**Records supplied**
- Opening Delimiter -
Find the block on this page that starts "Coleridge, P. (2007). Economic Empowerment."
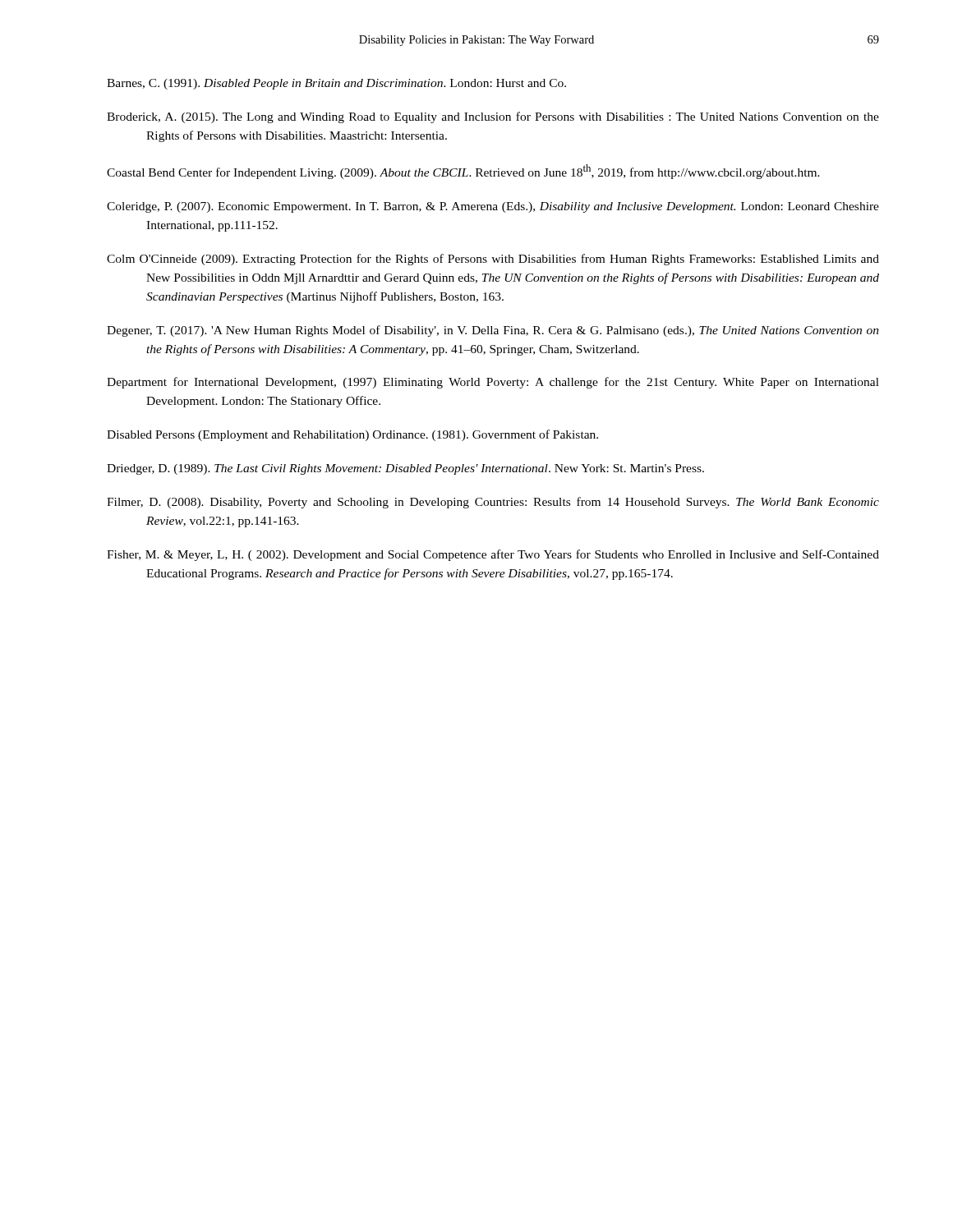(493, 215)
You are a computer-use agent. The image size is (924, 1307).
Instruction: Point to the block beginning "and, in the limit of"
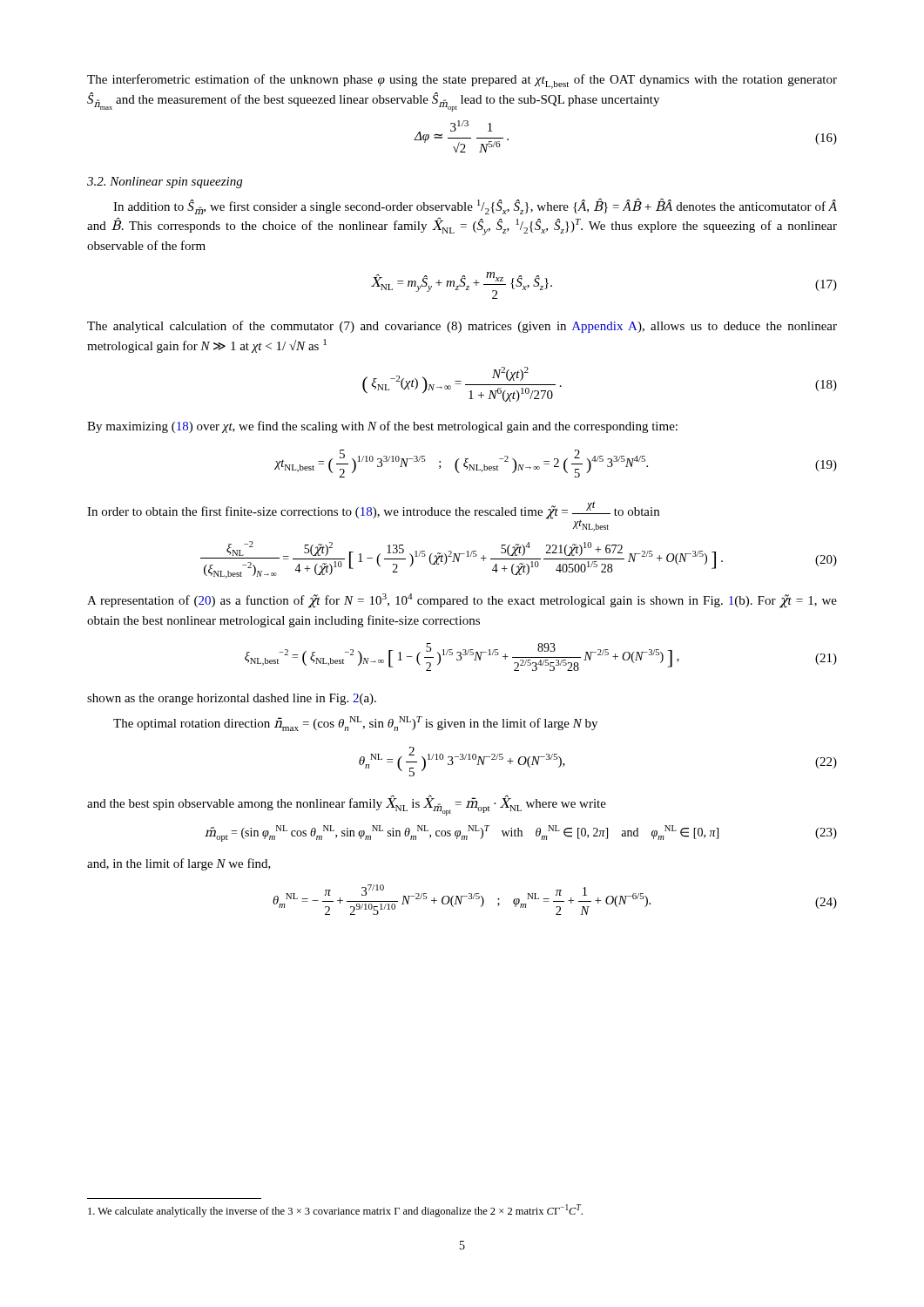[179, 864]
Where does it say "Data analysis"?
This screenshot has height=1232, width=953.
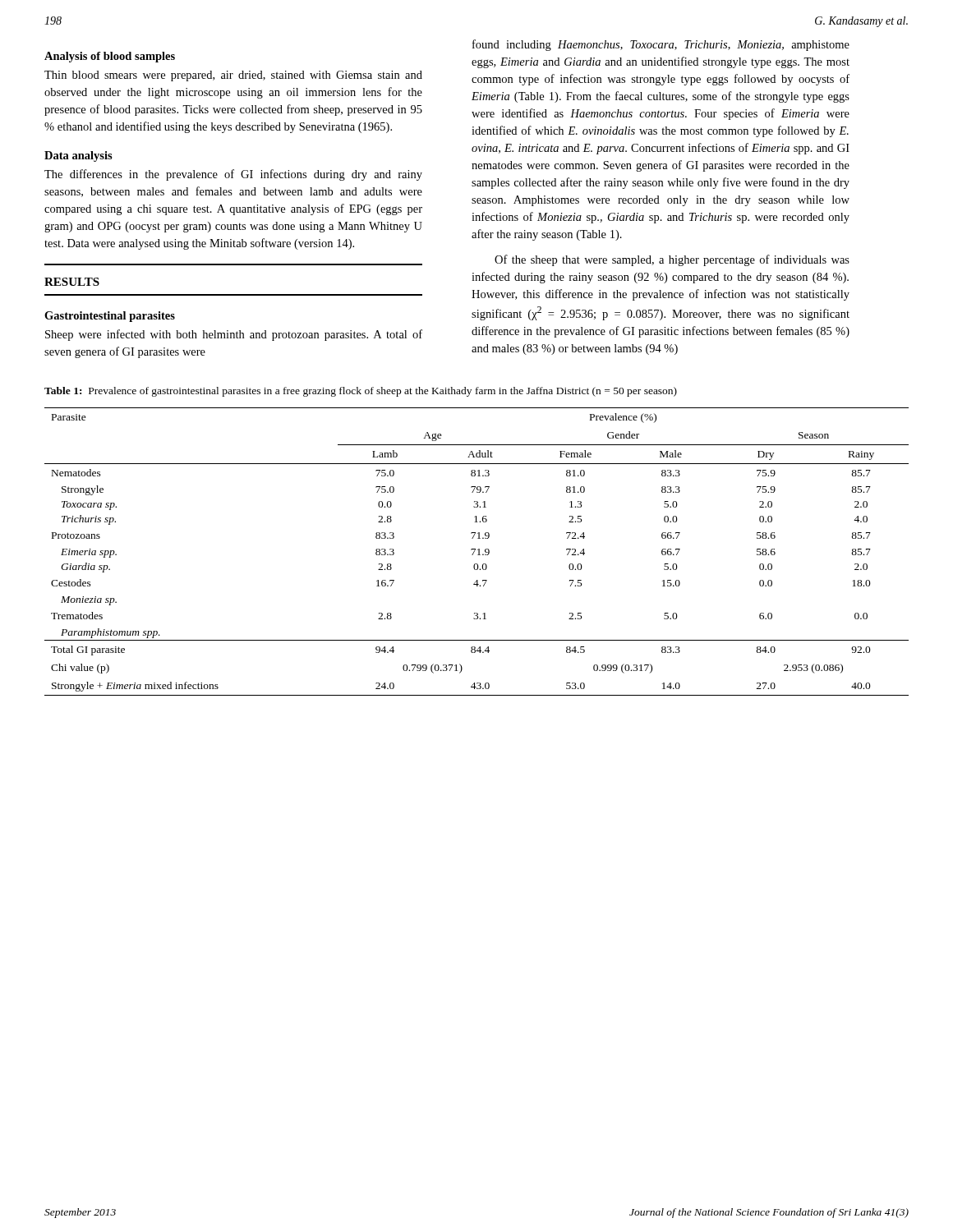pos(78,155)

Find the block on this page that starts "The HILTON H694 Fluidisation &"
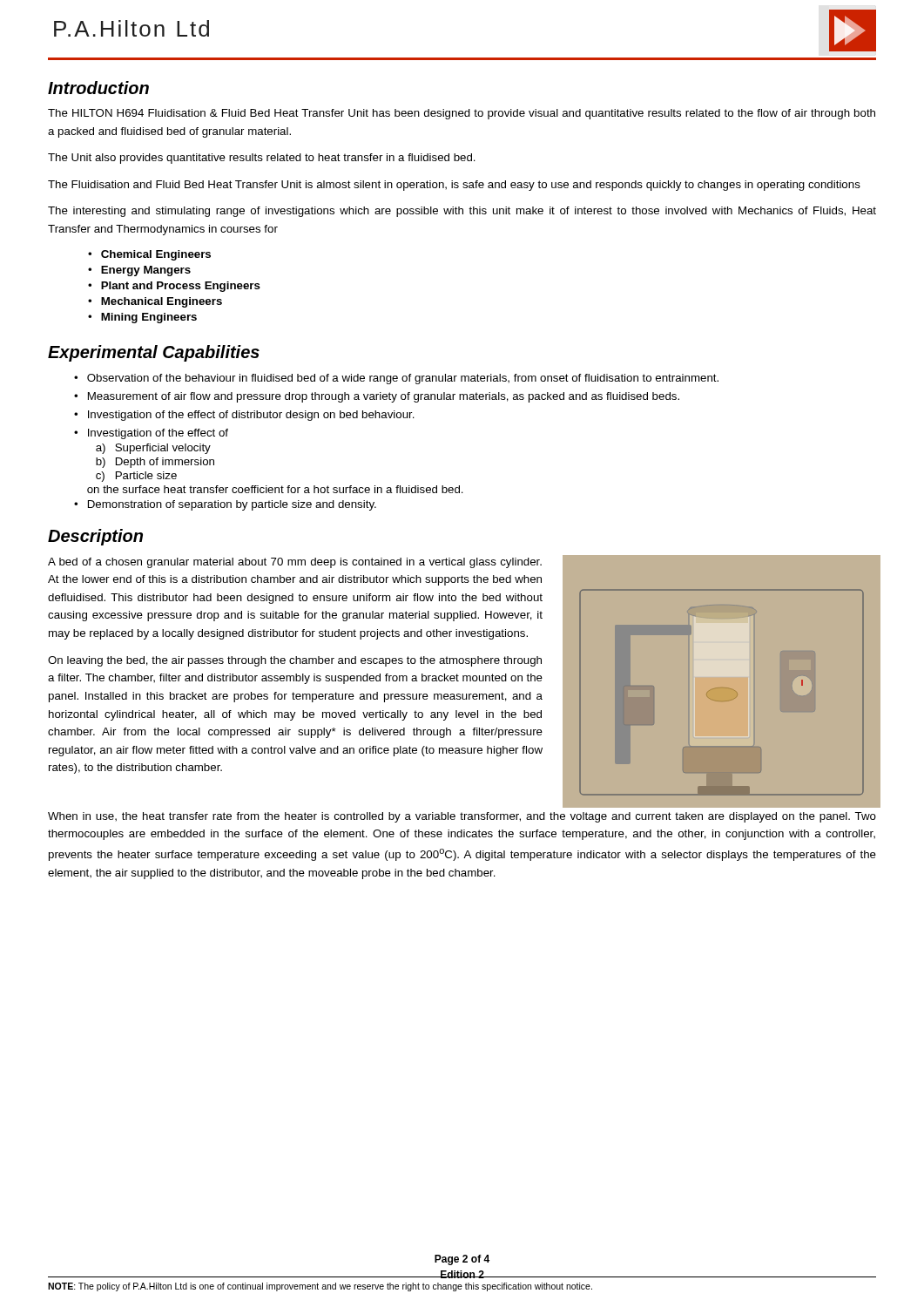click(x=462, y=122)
- Closing Delimiter -
**Your task**
Please write out the lines above, beginning at the line with "Where does it" and ending at the last line of the records, exactly as they appear and without pictures.

**Problem solution**
Where does it say "Data analysis"?
This screenshot has height=1232, width=953.
pos(78,155)

Find the block on this page that starts "The HILTON H694 Fluidisation &"
click(x=462, y=122)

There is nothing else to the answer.